Problem details:
Within the material below, how many lines include the word "each"? Only the number should be given.

BEGIN

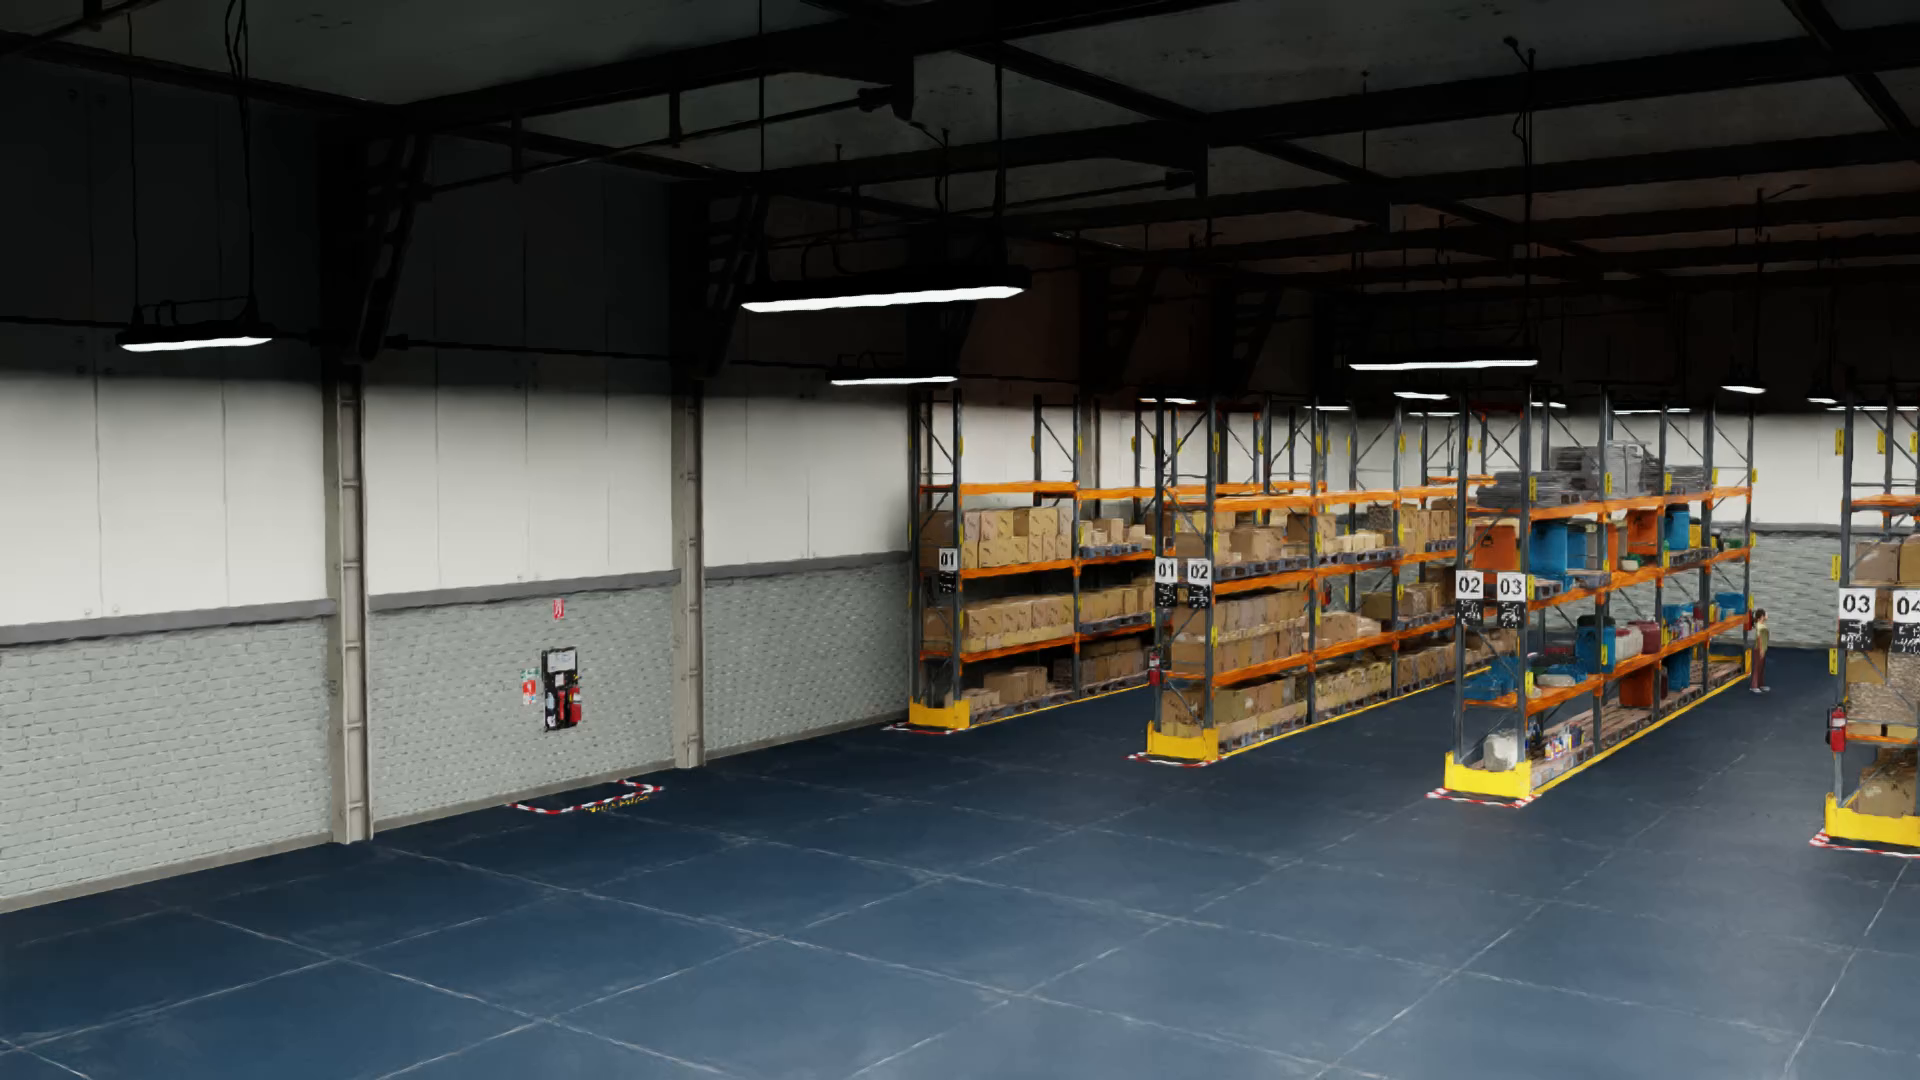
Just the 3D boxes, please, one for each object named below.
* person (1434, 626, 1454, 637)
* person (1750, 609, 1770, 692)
[{"bbox_3d":[12.174,1.777,41.683,0.660,1.672,0.518,-1,3,-21],"label":"person"},{"bbox_3d":[16.223,2.227,33.674,0.385,1.676,0.590,2,4,26],"label":"person"}]
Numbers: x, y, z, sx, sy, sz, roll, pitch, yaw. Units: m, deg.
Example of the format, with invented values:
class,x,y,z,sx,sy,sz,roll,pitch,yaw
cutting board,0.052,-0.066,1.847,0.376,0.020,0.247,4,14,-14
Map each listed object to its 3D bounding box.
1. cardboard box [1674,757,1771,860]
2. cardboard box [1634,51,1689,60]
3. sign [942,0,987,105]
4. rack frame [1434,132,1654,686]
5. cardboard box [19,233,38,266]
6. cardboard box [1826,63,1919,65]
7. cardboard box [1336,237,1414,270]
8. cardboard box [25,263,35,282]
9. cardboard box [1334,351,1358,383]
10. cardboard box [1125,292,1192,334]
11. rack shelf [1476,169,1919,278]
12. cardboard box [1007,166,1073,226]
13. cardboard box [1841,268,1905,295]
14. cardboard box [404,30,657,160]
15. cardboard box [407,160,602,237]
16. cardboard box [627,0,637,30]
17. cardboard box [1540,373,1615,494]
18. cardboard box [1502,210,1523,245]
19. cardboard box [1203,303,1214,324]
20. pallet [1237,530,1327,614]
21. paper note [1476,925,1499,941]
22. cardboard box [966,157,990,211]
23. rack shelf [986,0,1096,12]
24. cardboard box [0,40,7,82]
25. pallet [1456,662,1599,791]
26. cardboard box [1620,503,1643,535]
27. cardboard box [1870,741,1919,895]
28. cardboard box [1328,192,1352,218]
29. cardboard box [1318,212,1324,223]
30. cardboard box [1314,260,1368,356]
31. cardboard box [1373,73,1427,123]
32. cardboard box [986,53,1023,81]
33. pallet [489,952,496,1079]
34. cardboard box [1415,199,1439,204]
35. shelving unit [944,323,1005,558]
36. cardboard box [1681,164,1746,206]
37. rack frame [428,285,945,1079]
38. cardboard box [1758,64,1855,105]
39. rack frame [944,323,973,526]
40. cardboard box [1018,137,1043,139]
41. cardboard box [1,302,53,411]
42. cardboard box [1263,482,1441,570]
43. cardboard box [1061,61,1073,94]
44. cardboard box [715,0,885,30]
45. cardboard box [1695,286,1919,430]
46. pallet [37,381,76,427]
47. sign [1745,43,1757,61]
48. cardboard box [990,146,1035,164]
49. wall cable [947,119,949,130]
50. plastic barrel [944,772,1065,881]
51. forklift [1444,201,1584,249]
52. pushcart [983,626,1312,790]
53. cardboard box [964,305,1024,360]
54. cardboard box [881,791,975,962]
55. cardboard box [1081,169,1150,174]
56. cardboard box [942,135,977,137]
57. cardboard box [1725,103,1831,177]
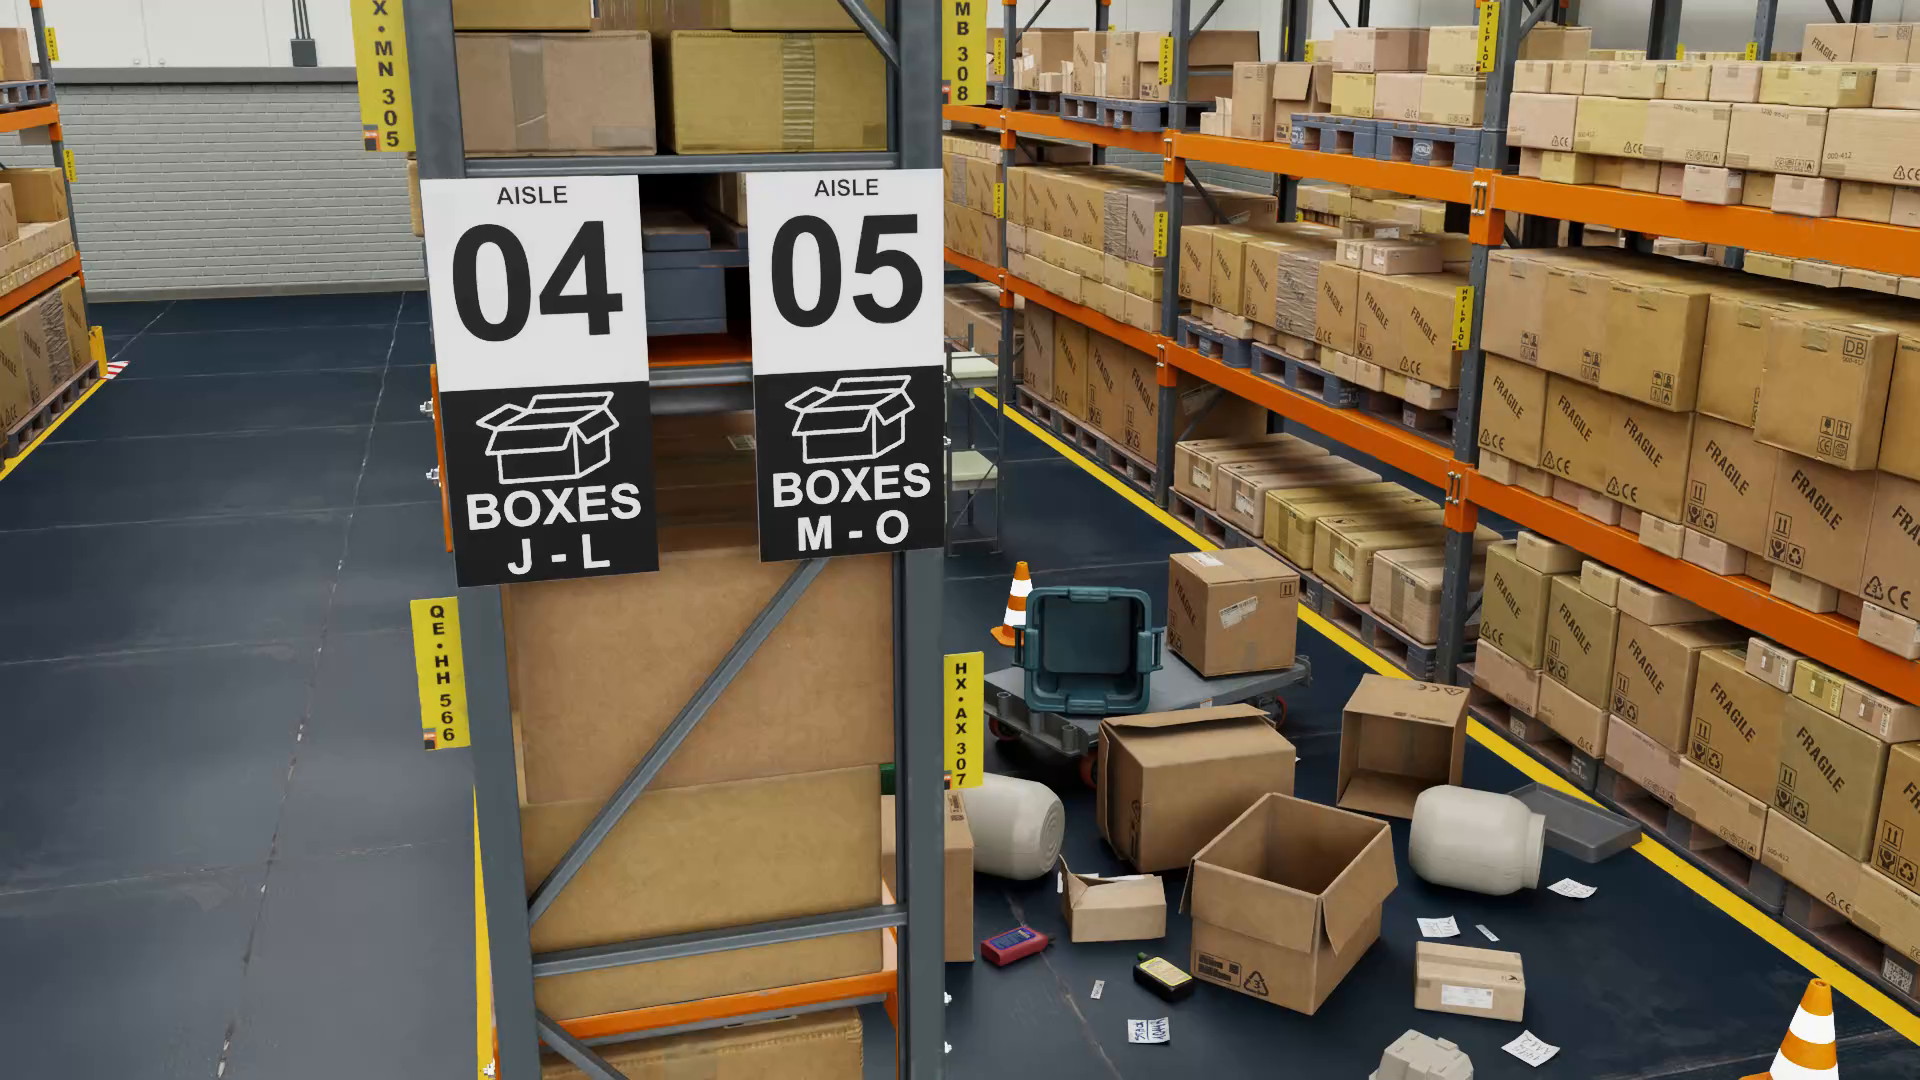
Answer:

END

Answer box:
2